Залп, залп, ещё залп; прореженная цепь уплотнялась, заполняла промежутки: так вода мгновенно затягивает воронки взрывов.
Рота уже не слышала приказов, распалась на отдельные куски – где ещё стреляли, а где уже встречали в штыки достигших траншеи японцев…
Ярилов неловко вырвал левой рукой наган из кобуры. В глазах всё плыло. На бруствере вздыбилась тень. Выстрелил: тёмно-синий силуэт исчез, на его месте выросли три.
Слева и справа хрипела и выла рукопашная: хруст, скрежет, крик. Поручик несколько раз щёлкнул курком вхолостую: опустел барабан.
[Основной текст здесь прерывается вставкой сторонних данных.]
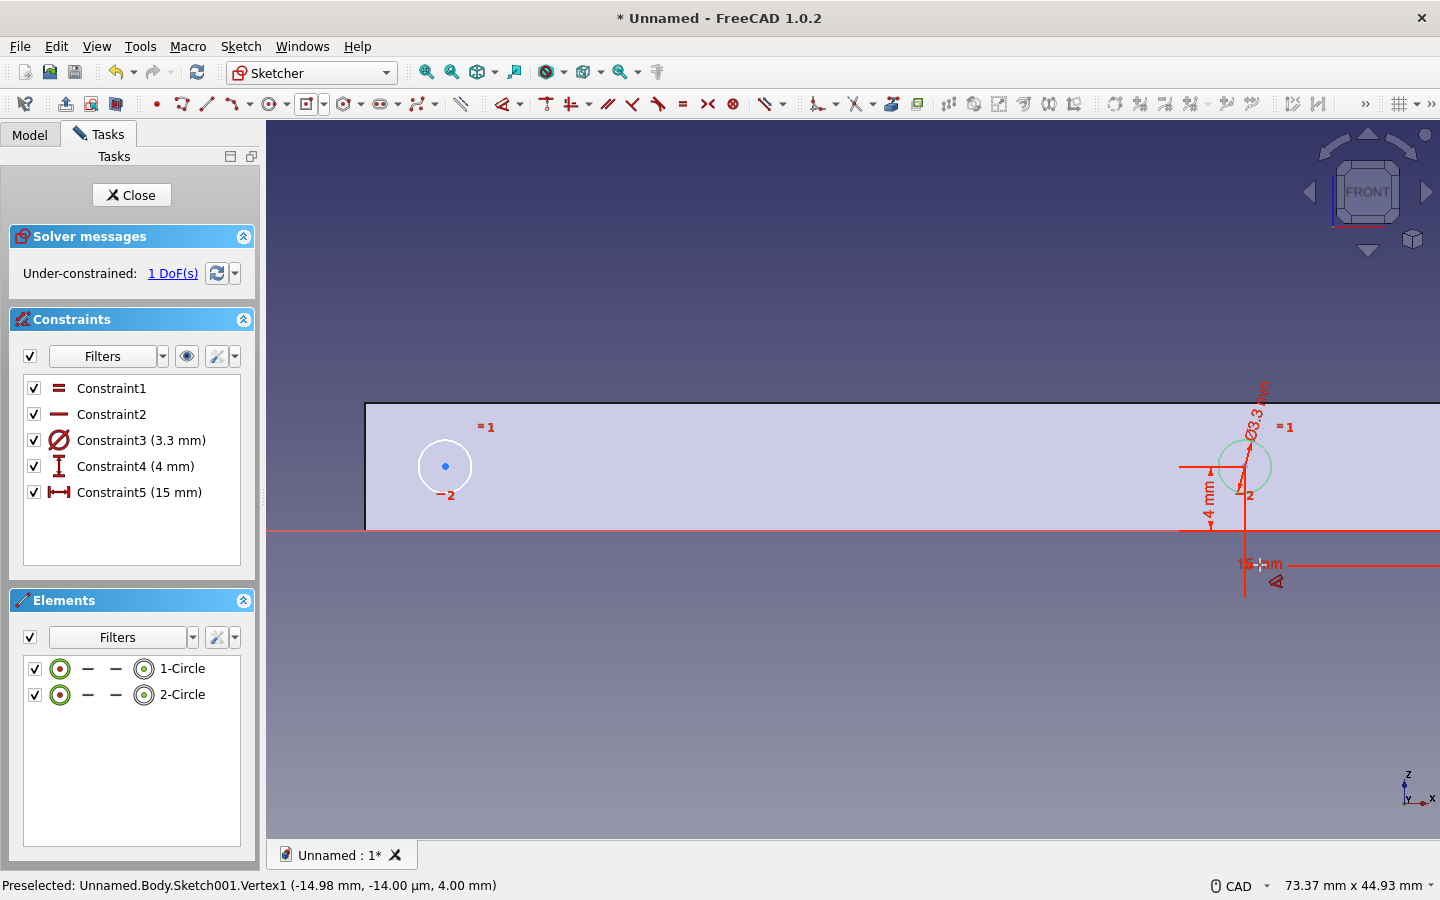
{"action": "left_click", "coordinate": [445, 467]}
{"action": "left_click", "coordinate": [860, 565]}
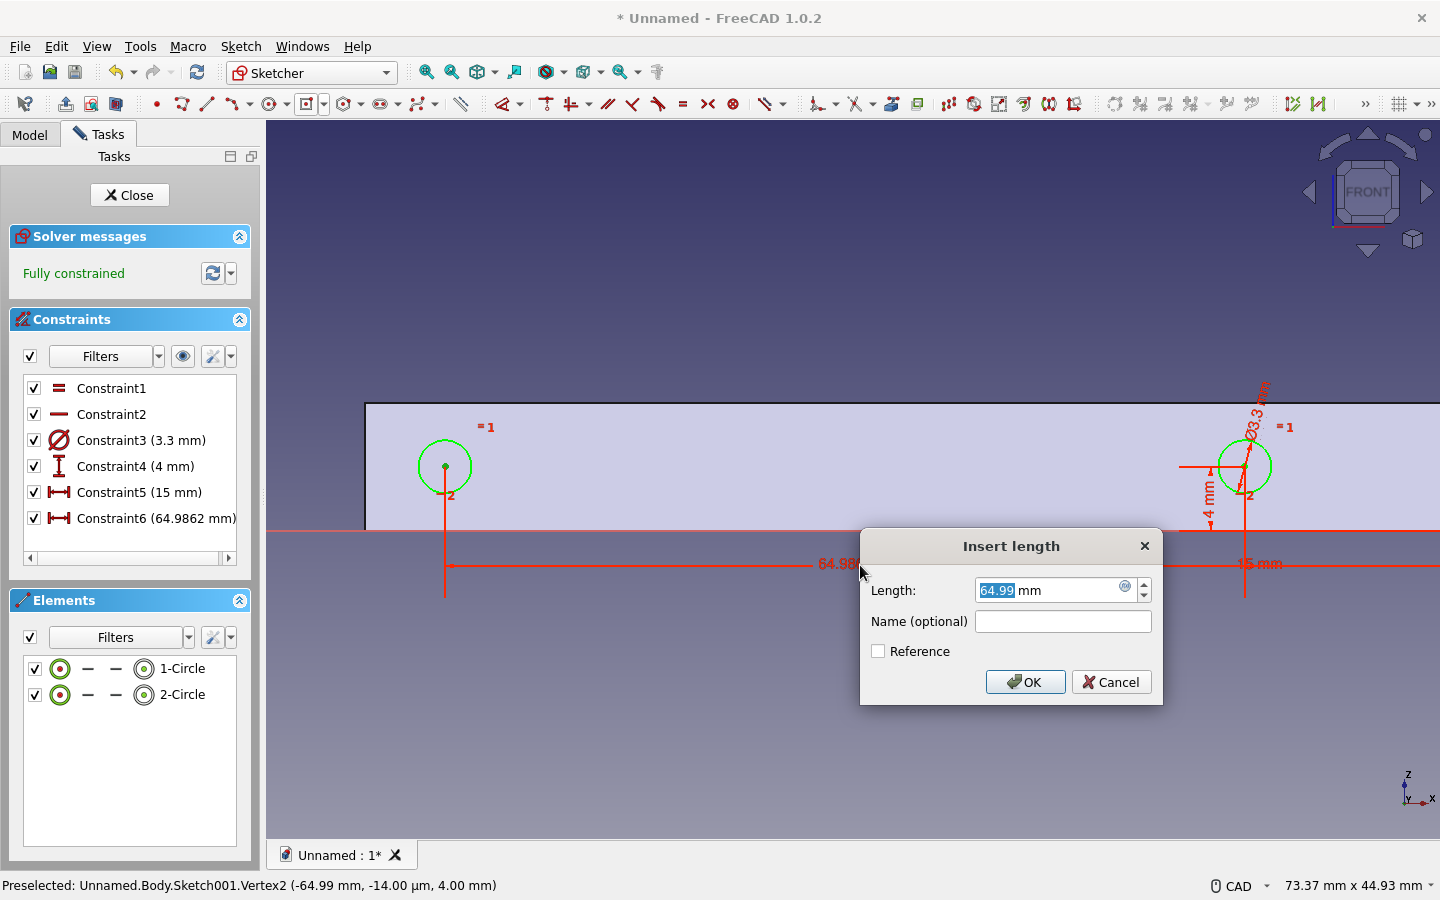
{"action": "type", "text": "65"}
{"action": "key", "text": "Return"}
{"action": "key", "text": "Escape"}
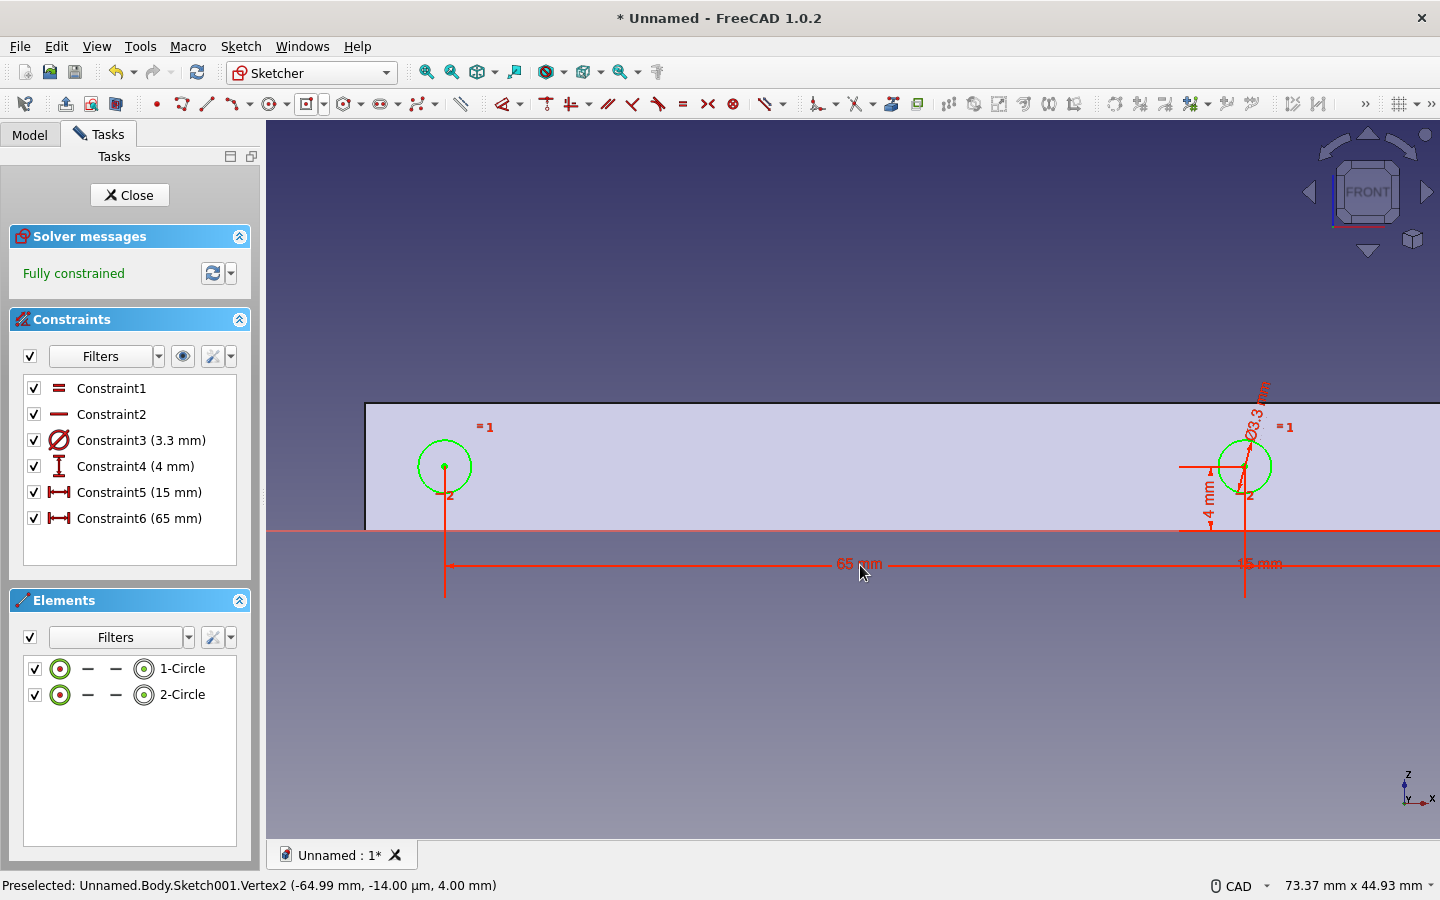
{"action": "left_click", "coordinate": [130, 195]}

Неловко пытался выдернуть шашку левой рукой.
Не успел.
Японцы навалились, каждый норовил дотянуться штыком, услышать треск рёбер русского офицера – чтобы заглушить ужас, забыть жуть этой смертельной атаки.
Перед глазами бежал по солнечному огороду, отмахиваясь от пчёл, шестилетний Николенька и кричал:
– Братик, Андрюша, как же так?
* * *
– Как же так?
Я комкал бланк телеграммы, и казённые слова расплывались, распадались на буквы; буквы норовили уползти, скрыться в дымке моих слёз.
Как же так, братик? Мы едва обрели друг друга; мы шли к этому долгих четырнадцать лет; и вот, когда до нашего объятия осталось мгновение – ты не дошёл.
Остался там, в чужом окопе, в чужой земле; чужая сталь разорвала твоё сердце, полное любви.
Подмога не пришла. Я не успел, брат; я никогда не прощу себе.
Никогда.
Глава восьмая
Форт Брюса
29 сентября 1904 г., Финский залив
Пароход отошёл от пристани на Восьмой линии; назывался он «Заря», будто в насмешку: в то утро зари не было, и днём не было солнца – один вязкий туман; болезненный, как отхаркивание чахоточного.
Утром меня встретил у входа в гимназию надзиратель. Было плевать, хотя где-то на донышке по привычке всколыхнулся страх: просто так Рыба Вяленая не стал бы опускаться до какого-то пятиклассника. Не иначе, мы с Купцом чего-то натворили, сами того не зная.
Рыба снял пенсне, принялся протирать его клетчатым носовым платком; без стёкол он вдруг перестал быть грозным и желчным, щурился на меня как-то беззащитно и… По-человечески, что ли. Ещё он покашливал, словно простудился.
– Кхе. Значит так, Ярилов. Директор гимназии, весь преподавательский состав. И я, разумеется. Словом, сочувствуем твоему горю. Потерять брата… Да. Приняли решение освободить тебя от занятий на три дня. Чтобы, значит. Кхе.
От отвернулся и принялся сморкаться в тот же платок.
Кажется, он плакал.
Я подождал, но продолжения не было. Развернулся и пошёл.
Вслед донеслось:
– А вы куда, Белов, не поздоровавшись? Что это у вас над губой, гуталин? Ах, усы-ы! Что вы говорите! У вас пять минут, и чтобы никаких усов, иначе я возьму в кабинете естествознания щипцы и вырву ваши каплеуловители по одному волоску. Без разговоров! Марш!